How a page models a browser’s page load sequence
Let’s first understand the structure of a Page in HCL OneTest Performance. A Page contains a bunch of Page Elements (HTTP Requests) out of which one is tagged as primary. The primary request is typically one of the earliest (if not the first) requests sent by the browser to the application server to get content required to initiate page loading. The remaining requests in the Page — which are referred to as secondary requests — are mostly those sent by the browser’s pre-loader to fetch other assets like scripts, stylesheets and images required to complete rendering the new page. All requests in a page are distributed amongst a set of “connection configurations,” typically in a many-to-one basis mirroring the browser’s pre-loader. Furthermore, requests that are sent through the same connection are time-spaced using a client-delay parameter.
To gather these parts and assemble them, HCL OneTest Performance records not only application traffic but also pertinent details of underlying TCP sockets through which it was exchanged. Alongside, it also notes the periods of stillness on the socket streams and their durations to deduce the time the browser spent on client-side processing. In addition, the captured recording session, which is used to generate test scripts, also contains the details of connections and the sets of requests that were sent on each of them.
While playing back a test script as each individual virtual user, for each page HCL OneTest Performance keeps track of the instant at which the first request was made (typically when the connection was opened if it is the first page) and the instant at which the last byte of the last request in that page was received. The final response time calculated for a page is the difference in time between those two instants. By mimicking the browser’s behaviour in the structure and timing of requests, HCL OneTest Performance measures and delivers a “response time” metric that’s realistic: as near it can get to the time-to-interactive (TTI) that an end user would experience.

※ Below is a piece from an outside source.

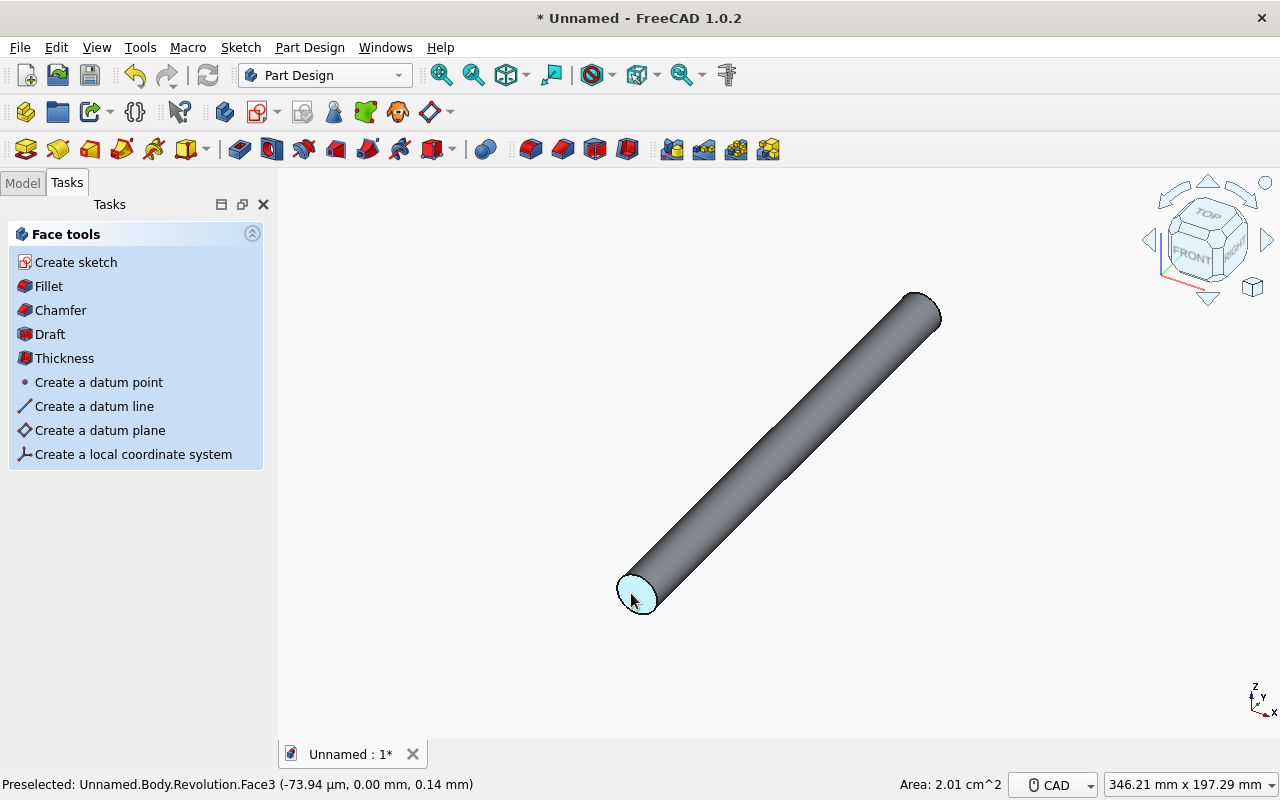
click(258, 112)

Response time – contributors
Though HCL OneTest Performance’s view of web application performance testing is defaulted to center around pages, it does aid you in drilling down and looking at what factors contributed to an overall response time. The product’s feature-rich and intuitive reports provide easy options to examine individual page response times and its contributors such as: connection times, page element (request) response times, and client delays.
Conclusion
In this post, we understood why HCL OneTest Performance considers the sequence of events that occur during a user navigation as an indivisible entity: a default transaction. We learned the structure of a Page in HCL OneTest Performance and how it meets the end goal of browser fidelity: collecting a response time metric that’s as close as it can get to the response time experienced by an end user on a browser.